The examined code was very basic. Even with its simplicity, it demonstrated the power of LLMs and their semantic understanding. Naturally, there are many paths you can take from here. Here are a few examples.

By providing a textual description (or requirements) about the aim of the code, LLMs are able to create better and more exhaustive test cases.
Asking for enhanced summary report generation in the test environment, or asking for a summary table in json, csv, etc.
Technical parts can be tailored by changing the programming language to be used to generate the test environment or the underlying OS on which the tests are running.
LLMs can be asked to focus on detailed test case generation, or asking for varied input vectors, etc.

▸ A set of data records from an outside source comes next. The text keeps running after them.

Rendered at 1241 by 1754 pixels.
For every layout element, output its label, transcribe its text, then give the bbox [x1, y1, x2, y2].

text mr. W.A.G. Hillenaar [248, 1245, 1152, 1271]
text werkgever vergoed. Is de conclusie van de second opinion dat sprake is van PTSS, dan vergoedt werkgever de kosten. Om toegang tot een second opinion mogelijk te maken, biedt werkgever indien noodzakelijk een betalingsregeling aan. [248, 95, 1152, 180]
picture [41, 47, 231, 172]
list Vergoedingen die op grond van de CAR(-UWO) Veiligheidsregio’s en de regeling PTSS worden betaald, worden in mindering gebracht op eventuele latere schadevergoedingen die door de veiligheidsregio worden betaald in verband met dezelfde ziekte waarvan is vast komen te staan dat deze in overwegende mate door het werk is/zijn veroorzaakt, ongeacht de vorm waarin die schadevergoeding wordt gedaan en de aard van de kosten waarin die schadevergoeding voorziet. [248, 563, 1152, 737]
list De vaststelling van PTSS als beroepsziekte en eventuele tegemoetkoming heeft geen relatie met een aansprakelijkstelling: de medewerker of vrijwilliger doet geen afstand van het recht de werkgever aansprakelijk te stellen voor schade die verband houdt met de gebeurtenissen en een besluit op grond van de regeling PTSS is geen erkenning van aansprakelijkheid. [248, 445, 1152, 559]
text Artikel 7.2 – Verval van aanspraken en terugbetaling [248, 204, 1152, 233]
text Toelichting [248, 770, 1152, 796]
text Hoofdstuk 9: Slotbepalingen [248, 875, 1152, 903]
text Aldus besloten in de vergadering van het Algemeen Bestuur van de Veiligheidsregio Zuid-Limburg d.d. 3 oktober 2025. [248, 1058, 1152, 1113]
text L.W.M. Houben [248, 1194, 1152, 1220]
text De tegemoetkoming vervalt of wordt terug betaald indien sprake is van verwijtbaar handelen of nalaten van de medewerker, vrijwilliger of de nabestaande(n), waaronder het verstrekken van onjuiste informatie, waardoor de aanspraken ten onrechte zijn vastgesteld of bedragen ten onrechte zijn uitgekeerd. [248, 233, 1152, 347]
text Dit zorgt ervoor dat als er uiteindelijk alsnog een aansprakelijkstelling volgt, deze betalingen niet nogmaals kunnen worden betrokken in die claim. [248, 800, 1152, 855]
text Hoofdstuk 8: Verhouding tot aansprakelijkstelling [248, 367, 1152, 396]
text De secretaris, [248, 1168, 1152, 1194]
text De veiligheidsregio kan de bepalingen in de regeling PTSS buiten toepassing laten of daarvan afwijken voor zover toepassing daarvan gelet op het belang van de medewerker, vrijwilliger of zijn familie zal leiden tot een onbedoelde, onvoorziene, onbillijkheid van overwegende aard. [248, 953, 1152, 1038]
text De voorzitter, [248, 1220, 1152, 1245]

On the other hand, we should never forget to verify the answers of LLMs. It may contain mistakes and incomplete parts, just as we have seen in the edge case generation above. LLMs are great tools, but for now, they need supervision for certain tasks. That's probably going away, but no one knows when. And remember, a year ago most AI experts thought today would only happen in 5-10 years.

Appendix

The following prompt template was provided for GPT-4.

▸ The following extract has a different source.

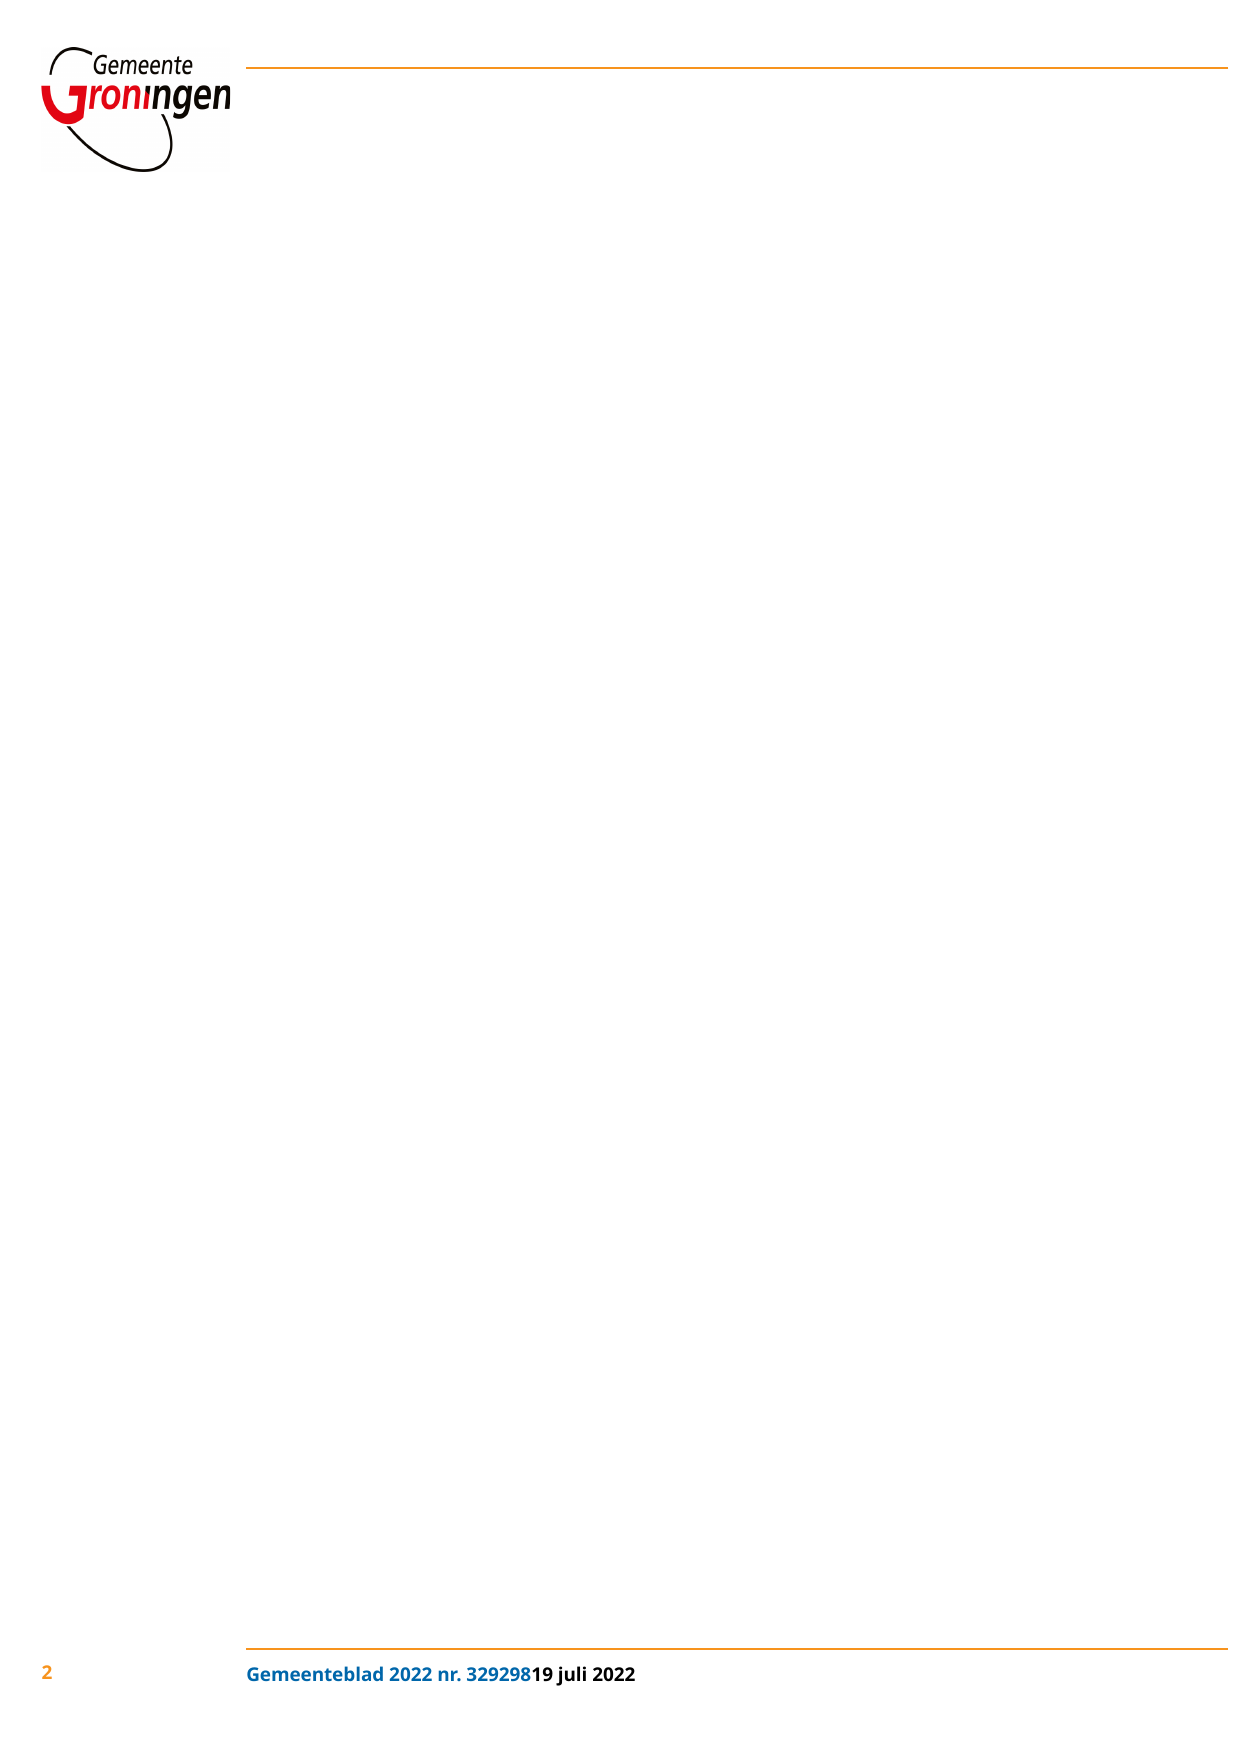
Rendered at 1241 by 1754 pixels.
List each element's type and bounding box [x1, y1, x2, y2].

You are a world-class software engineer and tester.
Given the C code: 
{{code}}
1. Go and do a detailed inspection of the code and identify semantic issues or security vulnerabilities in the code. Explain the bugs. Respond with a numbered list.
2. Provide the fixed C code that addresses the problematic points. The name of the function shall be the original name with '_fixed' postfix.
3. Create a C test environment with the following requirements.
- It shall contain test cases to verify normal behavior.
- It shall contain test cases for edge cases which point to the weaknesses of the original code. It means for these test cases original code shall fail, meanwhile corrected code shall pass.
- It shall contain both original and fixed functions so that it can be immediately compiled and run.